Richland’s small size could be an advantage in setting up a community-based program. Wunnicke is confident she could find a funder for the seed money. She thinks the extension office and local partners could help with outreach to educate families about the accounts and benefits. But the biggest hurdle is administration and coordination.
“Who is that middle man who takes the $50,000 from the funder and opens the accounts and maintains them for 18 years? That’s a long time and that’s only for your first cohort,” she said. “You need fiscal capacity as well as staying power and trustworthiness.”
In Oklahoma, the SEED OK experiment relied on the partnership of several state agencies to get up and running, and was coordinated through the state treasurer’s office with help from the Washington University research team.
Now, the program essentially runs itself. Despite the existing framework and promising results, Oklahoma lawmakers have not pursued a statewide program.
But the experiment has made a difference in individual lives. Dedmon, the mom who remembered the woman at her hospital bed all those years ago, is thankful for the account.

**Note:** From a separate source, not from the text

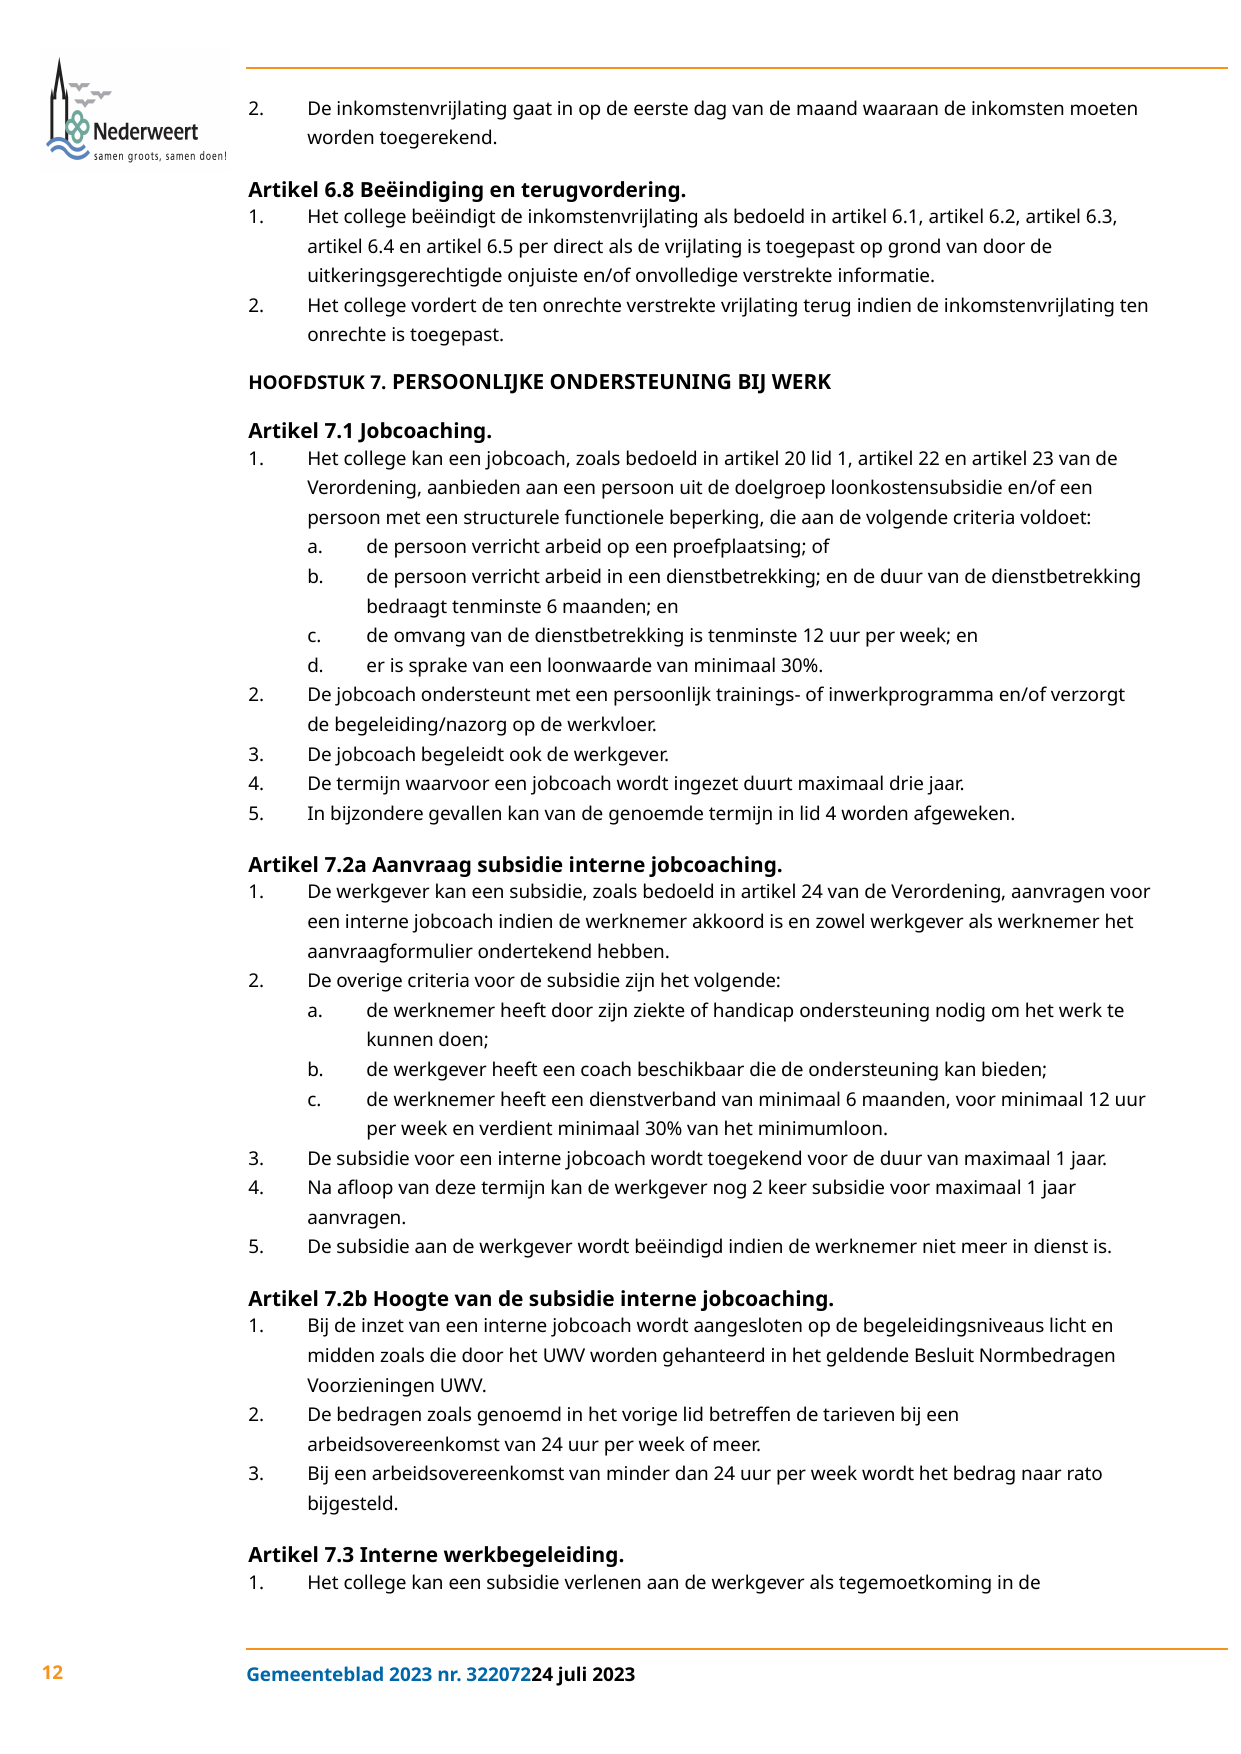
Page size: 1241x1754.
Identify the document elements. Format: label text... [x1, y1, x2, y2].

Her son, Braylon started his freshman year of high school this fall. He’s a talented artist who wants to pursue a career in the field. He already has experience designing logos and sketching custom portraits. His mom knows his interests might change, but his path forward is clear.
“He’s going to college,” she said.
What experts recommend for a statewide program
The SEED for Oklahoma Kids experiment is still ongoing but researchers have issued recommendations for policymakers based on their results so far.
They say any child development/savings account program should have these 10 features:
Universal enrollment, meaning all children in the state are eligible regardless of income or geographic location.
Automatic enrollment to ensure participation. In Maine, a foundation-funded state program offered a $500 deposit if families opened an account, but participation was never greater than 50% of eligible families. Once the program switched to automatic enrollment, participation was nearly 100%. Parents still have the choice to opt-out.
Seed deposits to help the accounts grow to a meaningful amount even if a family cannot save.
An at-birth start to give time for an investment to grow. That also makes sense because state birth records are a centralized source of information on all newborns.
Automatic progressive subsidies, or extra deposits, to funnel more funds to the children most in need.
Centralized savings plan so all accounts are on the same financial platform. Researchers have identified states’ existing 529 plans as a good option because of efficiency, consistency and sustainability.
Investment growth potential, so the money can grow with the market. In Oklahoma, the initial $1,000 deposits have nearly doubled since 2007.
Targeted investment options. In 529 plans, these targets can be based on a child’s age and estimated enrollment date in college. The account takes on riskier investments early and then makes more conservative investments as it draws closer to enrollment time.
Restricted withdrawals so the accounts can only be used for education.
Policies that specify the amount of money in the account should not exclude families for public benefits that they qualify for based on income.